Yay, motherboard arrived.  The last real enthusiest board I bought for myself was the DFI CFX-3200.  Lets hope this GB board doesn't give me the hassle that one did. lol





Remember how I was saying I kinda guessed whether I would have enough room for the rad and both GFX cards...  





 

I did have a backup plan to mount the rad fans under the case on the outside but I am heaps stoked they actually fit..  Just


----------



## DrunkenMafia (Sep 9, 2011)

brandonwh64 said:


> ^^^
> 
> http://images.cheezburger.com/completestore/2009/12/11/129050289340613191.jpg



Lol, yeah its a nice change actually, I am a big fan of mATX cases and my last few cases have been - Lian LI PCV351, Antec Fusion remote, Antec NSK1380 etc...  

So its nice to have a shitload of room for a change, its so much easier.


----------



## DrunkenMafia (Sep 9, 2011)

Now for the white tubing, another thing I have never done before, I like to see if there actually is coolant in the tubes!!  Gotta give things a try though....





It was a little messy at first, there was JUST enough room between the bottom rad and 2nd gfx card.

I also bought 6 x Fractal 80mm silent fans.  http://www.pccasegear.com/index.php?main_page=product_info&cPath=9_508&products_id=14504

There is 2 on front blowing onto HDD's, 2 above mb backplate and 2 above PSU.  When I went to fit the psu plate I found the 2 x 80mm fans were to thick and hit the radiator so I had to replace them with 2 x coolermaster slim 80mm fans:
http://www.pccasegear.com/index.php?main_page=product_info&cPath=9_508&products_id=13964

They are ok but fairly noisy.

Here are some more shots showing the restricted space above the bottom rad:


----------



## Suhidu (Sep 9, 2011)

That looks great, suits the components well. Close call with the rad.

edit: nice white tubes.


----------



## DrunkenMafia (Sep 9, 2011)

Suhidu said:


> That looks great, suits the components well. Close call with the rad.
> 
> edit: nice white tubes.



Thanks, I was surprised at how easy they are to clean, just wipe them with some tissue and contact cleaner and all the marks come straight off.

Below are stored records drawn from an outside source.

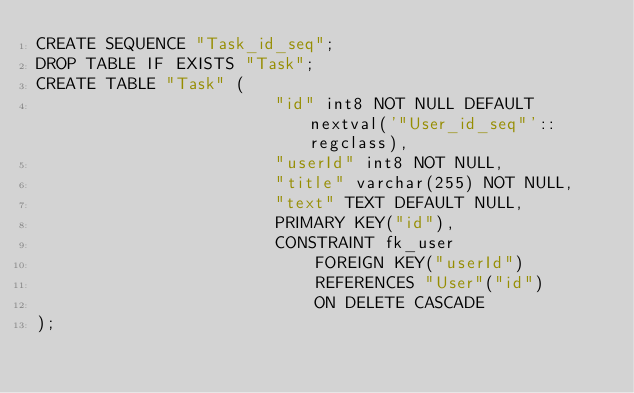Convert code to text. <code><loc_0><loc_0><loc_500><loc_500><_SQL_>CREATE SEQUENCE "Task_id_seq";
DROP TABLE IF EXISTS "Task";
CREATE TABLE "Task" (
                        "id" int8 NOT NULL DEFAULT nextval('"User_id_seq"'::regclass),
                        "userId" int8 NOT NULL,
                        "title" varchar(255) NOT NULL,
                        "text" TEXT DEFAULT NULL,
                        PRIMARY KEY("id"),
                        CONSTRAINT fk_user
                            FOREIGN KEY("userId")
                            REFERENCES "User"("id")
                            ON DELETE CASCADE
);
</code> 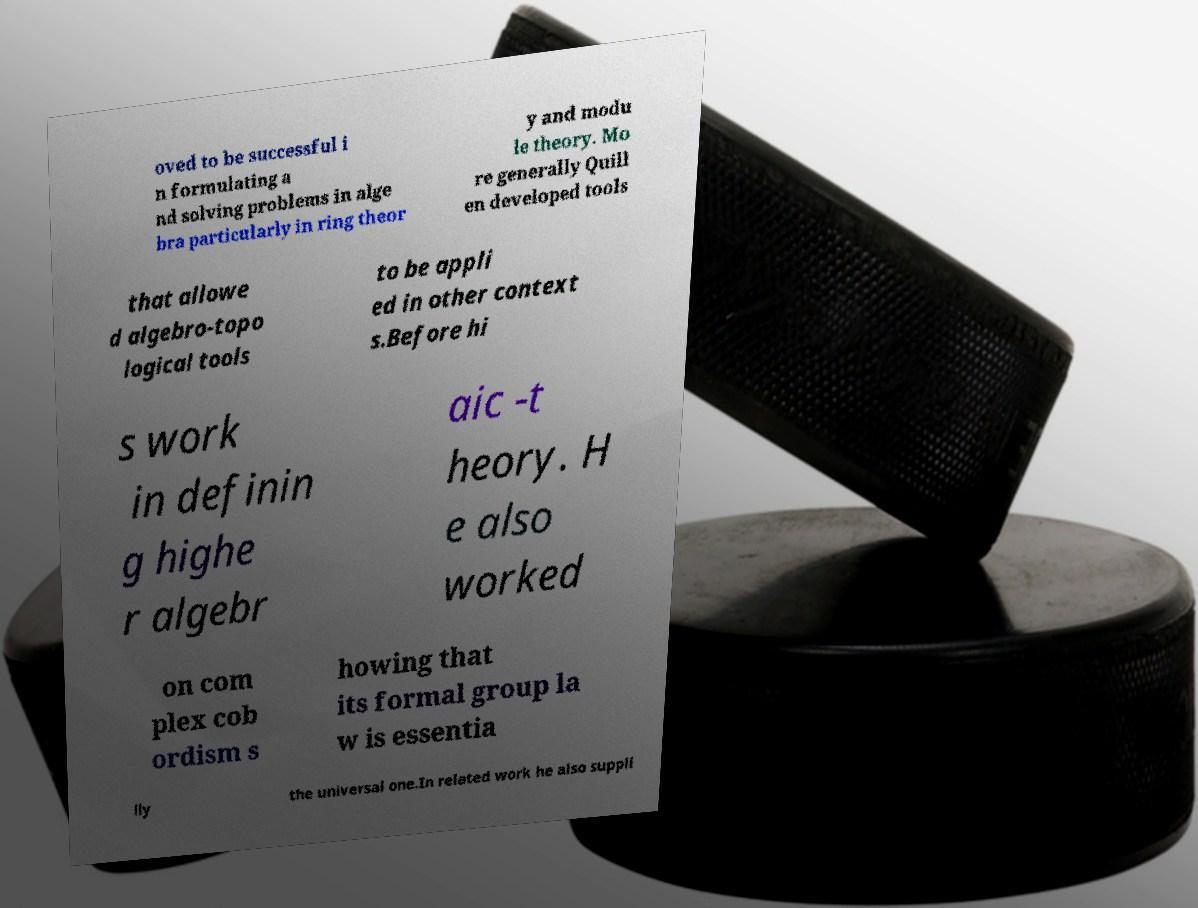I need the written content from this picture converted into text. Can you do that? oved to be successful i n formulating a nd solving problems in alge bra particularly in ring theor y and modu le theory. Mo re generally Quill en developed tools that allowe d algebro-topo logical tools to be appli ed in other context s.Before hi s work in definin g highe r algebr aic -t heory. H e also worked on com plex cob ordism s howing that its formal group la w is essentia lly the universal one.In related work he also suppli

I decided on the MCW80 water blocks as well, I can't see the point in paying $100+ for a full coverage block that you can only use on that model of card.  At least with the MCW80's I can take em off and change cards later.  I bought a set of Arctic cooling heatsinks to put on all the other components on the card:

http://www.pccasegear.com/index.php?main_page=product_info&cPath=207_314&products_id=16441

These were pretty cheap and came with a tube of thermal adhesive.

I was a bit pissed off with the XSPC kit too.  It came with an AMD block plate and the instructions mention you have to use a standard back plate but the screws they supplied were 1 size bigger than the AMD plate.  I needed 6/32 and they supplied 8/32.  Maybe I am missing something.  Luckily I had a heap of left over 6/32 radiator screws which turned out to be the perfect length:





Maybe I am missing something, feel free to enlighten me if you have installed a XSPC block on your AMD board. 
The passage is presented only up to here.